Quelles activités ont été proposées ?
La pleine conscience
Cette activité consiste en une série d’exercices ludiques autour de l’attention, de la relaxation, de la respiration, de l’exploration des émotions, en alternance avec des discussions, visant à entraîner une présence attentive et bienveillante. Le programme proposé aux élèves est une adaptation de Mindfulteen, développé aux HUG par des professionnel·le·s de la santé ayant l’expérience de la pratique de la pleine conscience avec les adolescent·e·s. Il est également inspiré du programme « .b » de MiSP (Mindfulness in School Programs) et a été dispensé par le centre Ressource Mindfulness, structure professionnelle solidement ancrée sur le paysage genevois de la pleine conscience.
L’improvisation théâtrale
Cette activité consiste à découvrir les outils clés de l’improvisation théâtrale visant notamment à travailler la créativité, la communication verbale et non verbale, l’écoute active dans un esprit de collaboration et de confiance. Les cours ont été dispensés par impro.ch, structure professionnelle privilégiée pour l’enseignement d’improvisation théâtrale à Genève.
Les jeux socio-éducatifs
Cette activité consiste en la pratique de divers jeux de plateau conçus pour travailler différentes facettes des émotions : identification, reconnaissance, utilisation et régulation des émotions, à la fois chez soi et chez l’autre. Elle a été animée par des membres de notre équipe du CISA et UniDistance, spécialisé·e·s en animation de jeux éducatifs concernant les émotions.
L’outil numérique
Cette activité a consisté en la mise en pratique de compétences personnelles des élèves, à travers l’utilisation d’outils bureautiques et numériques en vue de la rédaction de CV et de lettres de motivation. Ils ont été dispensés par les enseignant·e·s du CFPP et des apprenti·e·s de l'Espace Entreprise du Centre de Formation Professionnelle Commerce.

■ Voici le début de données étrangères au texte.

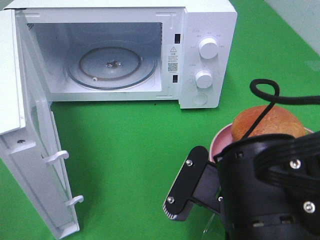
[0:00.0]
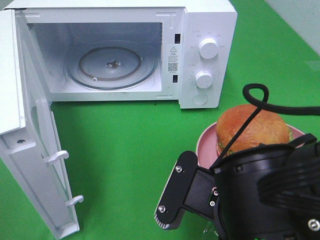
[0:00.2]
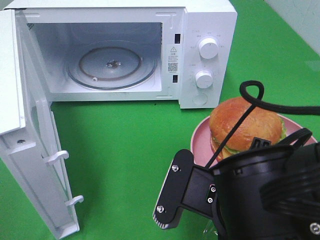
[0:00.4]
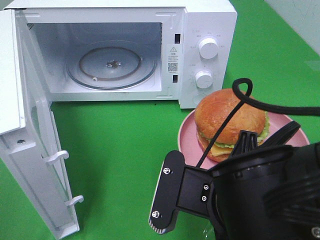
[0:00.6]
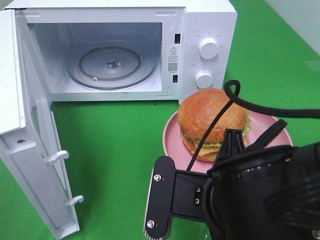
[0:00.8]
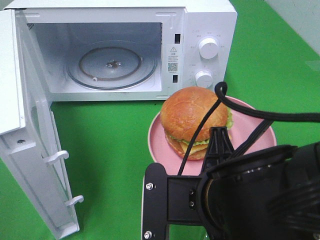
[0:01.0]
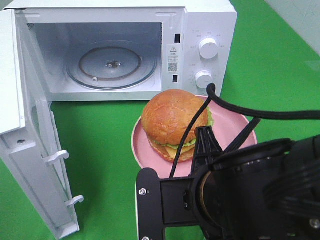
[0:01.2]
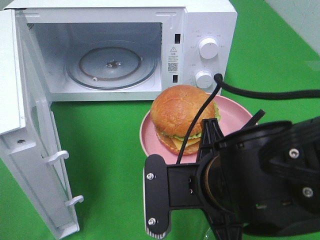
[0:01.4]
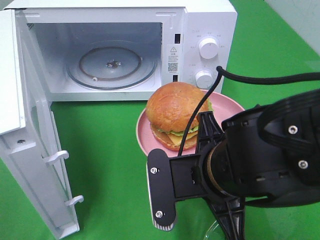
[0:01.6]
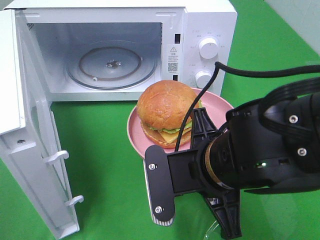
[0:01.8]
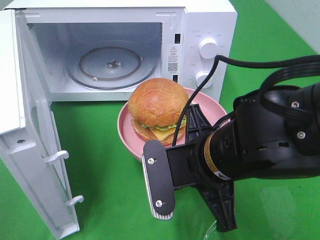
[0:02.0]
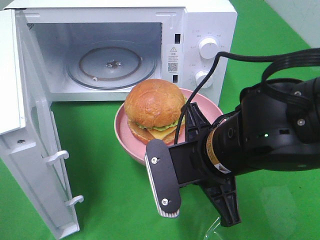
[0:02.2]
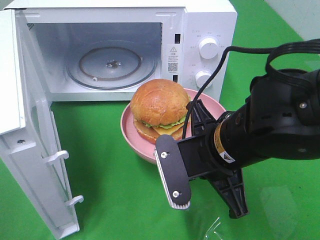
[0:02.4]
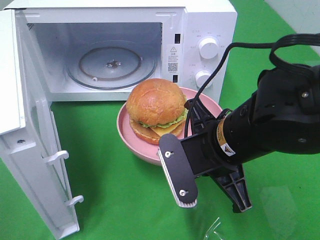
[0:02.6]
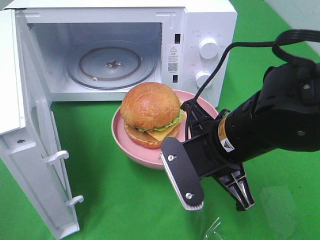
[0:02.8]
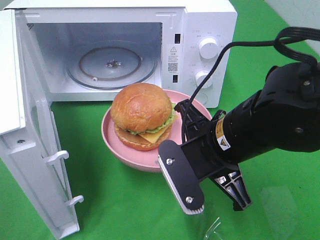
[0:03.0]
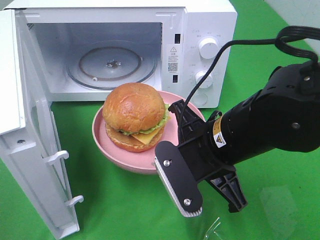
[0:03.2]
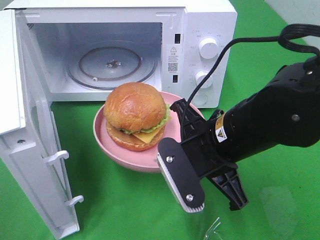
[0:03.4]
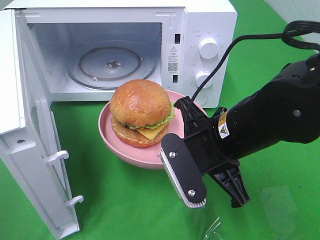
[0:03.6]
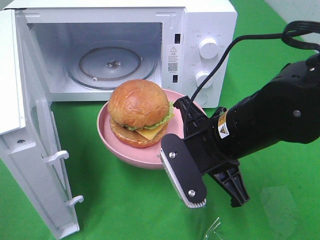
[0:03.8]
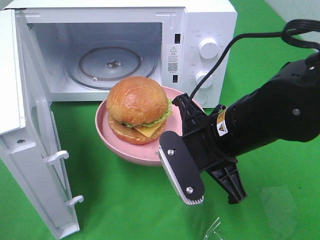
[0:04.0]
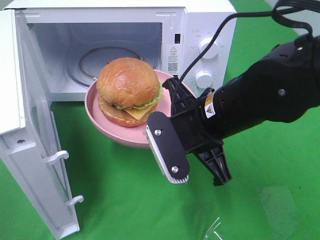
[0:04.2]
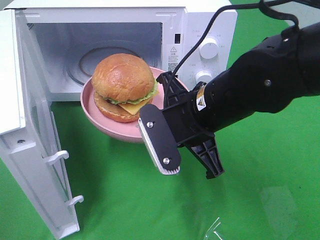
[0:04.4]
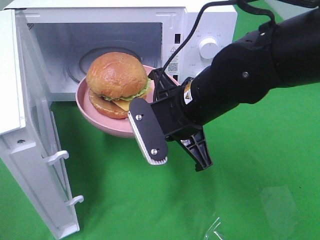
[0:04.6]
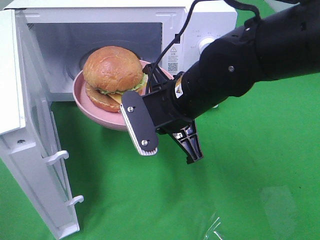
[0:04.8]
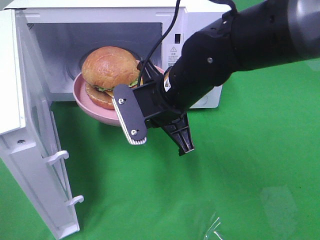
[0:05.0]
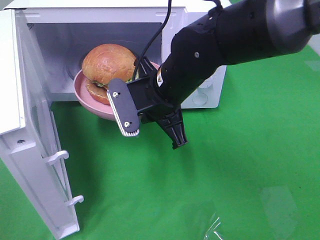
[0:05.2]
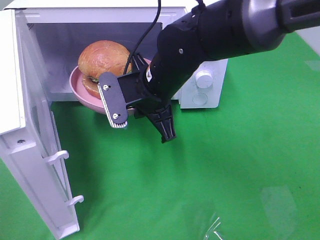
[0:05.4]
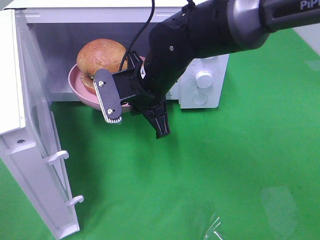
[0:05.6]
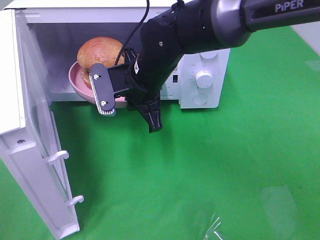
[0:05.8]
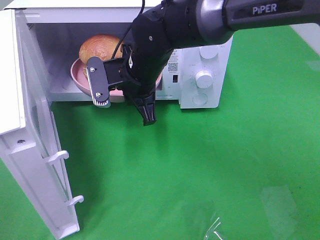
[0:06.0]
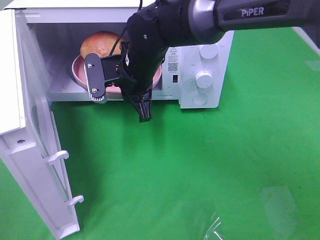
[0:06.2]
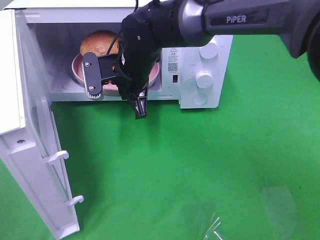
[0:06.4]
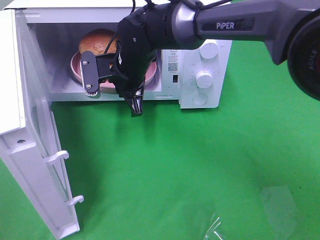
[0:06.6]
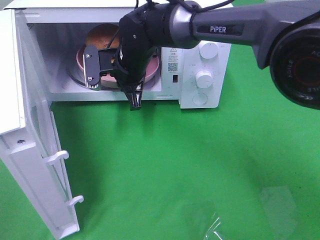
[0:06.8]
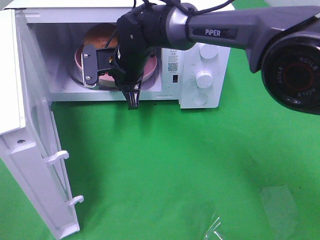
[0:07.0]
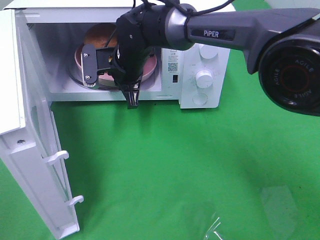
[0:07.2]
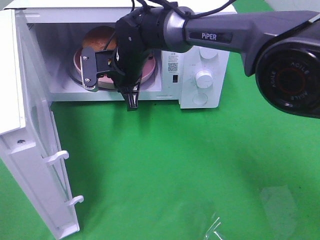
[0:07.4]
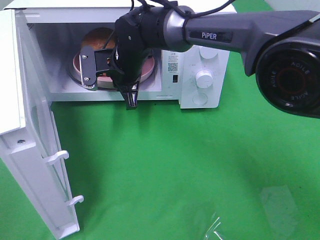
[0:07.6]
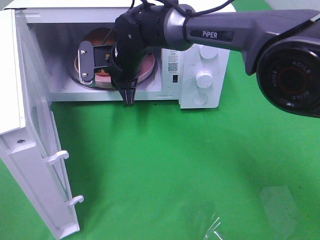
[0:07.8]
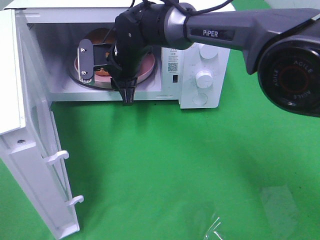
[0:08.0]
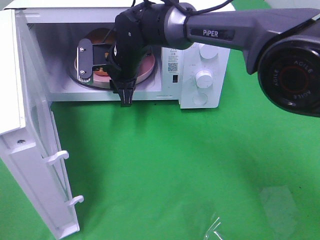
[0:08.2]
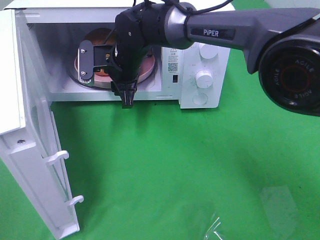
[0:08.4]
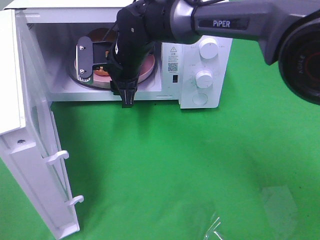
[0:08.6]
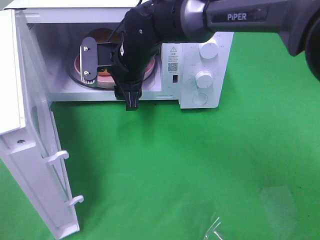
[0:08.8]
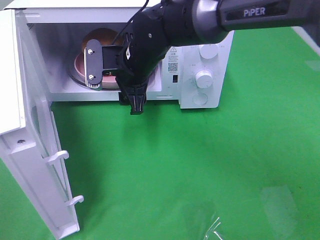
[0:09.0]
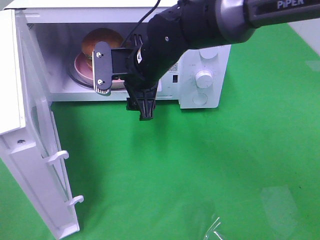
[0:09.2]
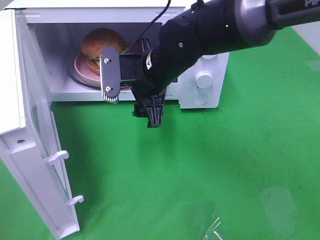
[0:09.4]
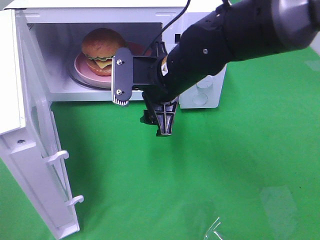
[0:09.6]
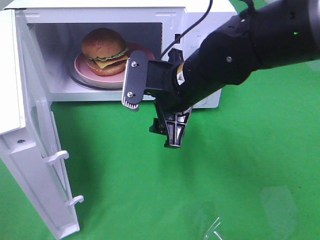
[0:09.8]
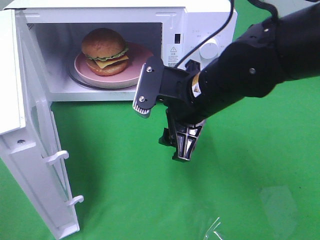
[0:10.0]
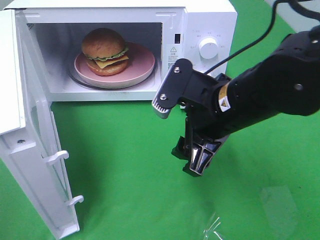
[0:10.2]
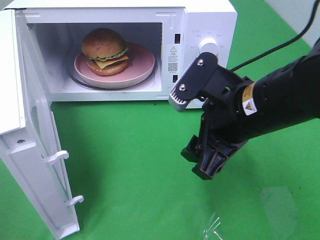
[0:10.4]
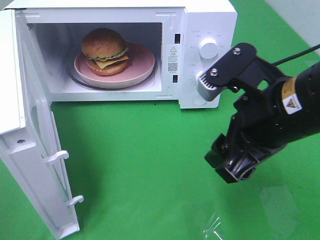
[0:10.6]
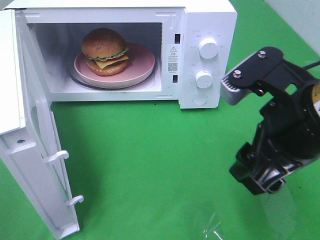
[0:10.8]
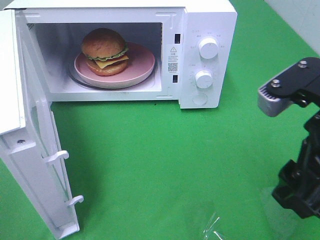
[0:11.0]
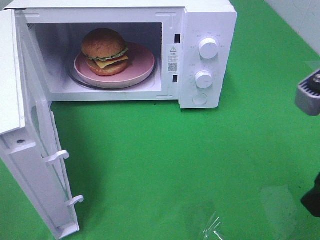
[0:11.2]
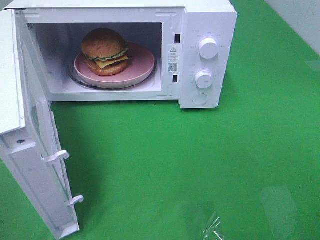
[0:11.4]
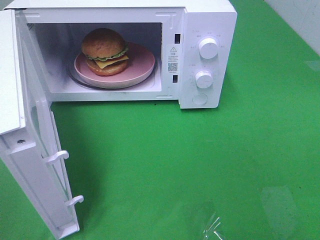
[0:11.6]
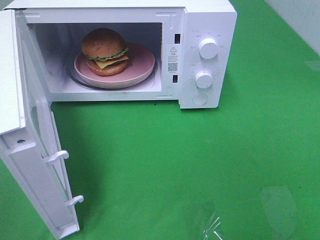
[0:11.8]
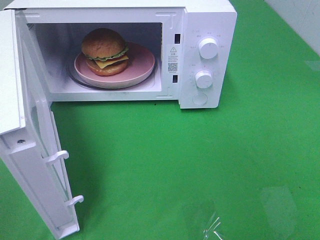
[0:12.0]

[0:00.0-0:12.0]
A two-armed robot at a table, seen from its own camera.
Task of the whole recording: Heat the burger.
Step, 0:00.0 to 0:08.8: Right hand: place the plate in the microwave.
0:04.4 to 0:06.0: The right gripper moves forward and to the left, approximately 15 cm.
0:06.0 to 0:07.6: The right gripper heads forward, covering about 5 cm.
0:07.6 to 0:09.0: The right gripper changes place by roughly 5 cm, and opens its fingers.
0:09.0 to 0:10.4: The right gripper travels backward and to the right by about 20 cm.
0:10.4 to 0:12.0: The right gripper travels to the right, backward and upward by approximately 25 cm.

Quels sont les résultats de l’étude ?
L’étude a été menée auprès de 292 élèves, qui ont participé pendant neuf semaines à l’une des trois activités centrées sur les compétences sociales et émotionnelles – pleine conscience, improvisation théâtrale ou jeux socio-éducatifs – ou au cours d’outils numériques constituant la condition de comparaison.
Un effet protecteur chez les élèves anxieux-ses.
Les résultats montrent tout d’abord que les effets des activités dépendent en partie de la vulnérabilité émotionnelle des élèves. Près d’un tiers des adolescent.es présentaient alors un niveau d’anxiété modéré à élevé.
Dans le groupe contrôle, les adolescent.es ont vu leurs difficultés émotionnelles et comportementales augmenter au fil de l’étude, tandis que leur sentiment d’efficacité personnelle – c’est-à-dire la confiance dans sa capacité à faire face aux difficultés et à agir efficacement – diminuait. Chez les adolescent.es ayant participé au théâtre d’improvisation, à la pleine conscience ou aux jeux socio-éducatifs, ces deux dimensions sont au contraire restées globalement stables. Les résultats observés suggèrent également une légère diminution des difficultés émotionnelles et relationnelles chez les adolescent.es les plus anxieux.ses ayant pratiqué la méditation pleine conscience.
Ces résultats suggèrent que proposer à l’école des activités expérientielles, engageantes et centrées sur les interactions sociales et émotionnelles peut contribuer à offrir un environnement protecteur aux adolescent·es les plus vulnérables sur le plan émotionnel. L’effet observé correspond davantage à une prévention de la détérioration qu’à une amélioration uniforme de l’ensemble des élèves.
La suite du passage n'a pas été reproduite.